Lawsuit challenging IRS’s exempt org application process allowed to proceed
Lawsuit challenging IRS’s exempt org application process allowed to proceed
May 30, 2014
Z Street, Inc. v. Koskinen, (DC Dist Col 5/27/2014) 113 AFTR 2d ¶2014-855
A district court has denied IRS’s motion to dismiss the complaint of a non-profit corporation alleging that applications for exempt status under Code Sec. 501(c)(3) of organizations whose activities relate to Israel, and whose positions with respect to Israel contradict those of the government, are subject to heightened review in violation of the First Amendment. The court found that IRS’s various arguments in favor of dismissal were based on the flawed assumption that the case involved the assessment and collection of taxes, when in fact it involved a constitutional challenge to the process of determining exempt status.
Background—jurisdiction. Federal courts are courts of limited jurisdiction. When a defendant files a motion to dismiss a complaint for lack of subject matter jurisdiction, the plaintiff bears the burden of establishing jurisdiction by a preponderance of the evidence.

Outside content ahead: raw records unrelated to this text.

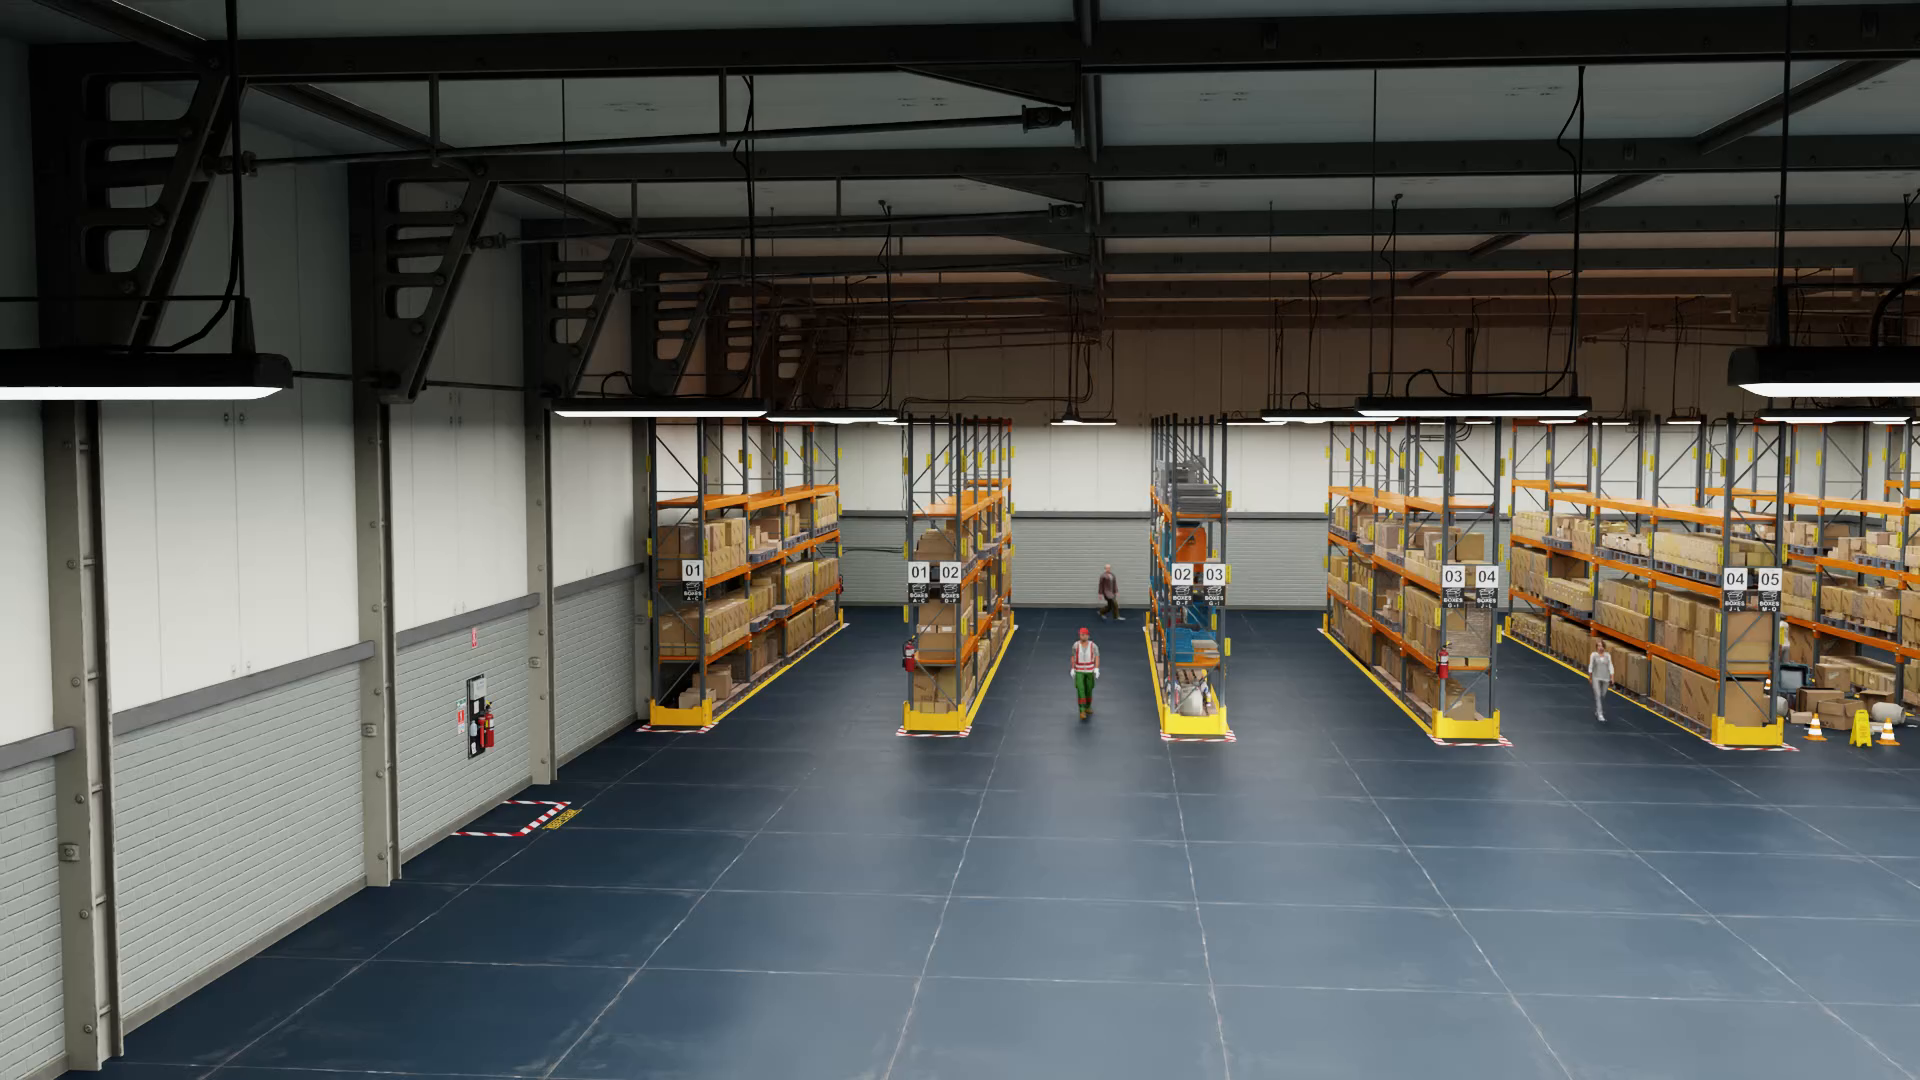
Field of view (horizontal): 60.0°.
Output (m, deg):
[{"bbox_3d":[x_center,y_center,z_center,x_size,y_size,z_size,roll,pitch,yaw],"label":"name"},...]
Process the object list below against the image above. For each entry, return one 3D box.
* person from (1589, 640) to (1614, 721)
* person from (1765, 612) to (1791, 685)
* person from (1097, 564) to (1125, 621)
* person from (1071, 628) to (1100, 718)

The Code strictly limits the circumstances under which a suit to enjoin the assessment or collection of any tax is permitted. Under Code Sec. 7421(a), no suit for the purpose of restraining the assessment or collection of any tax can be maintained in any court by any person, whether or not that person is the one against whom the tax is assessed, except as otherwise provided. This rule is sometimes referred to as the Anti-Injunction Act, or AIA.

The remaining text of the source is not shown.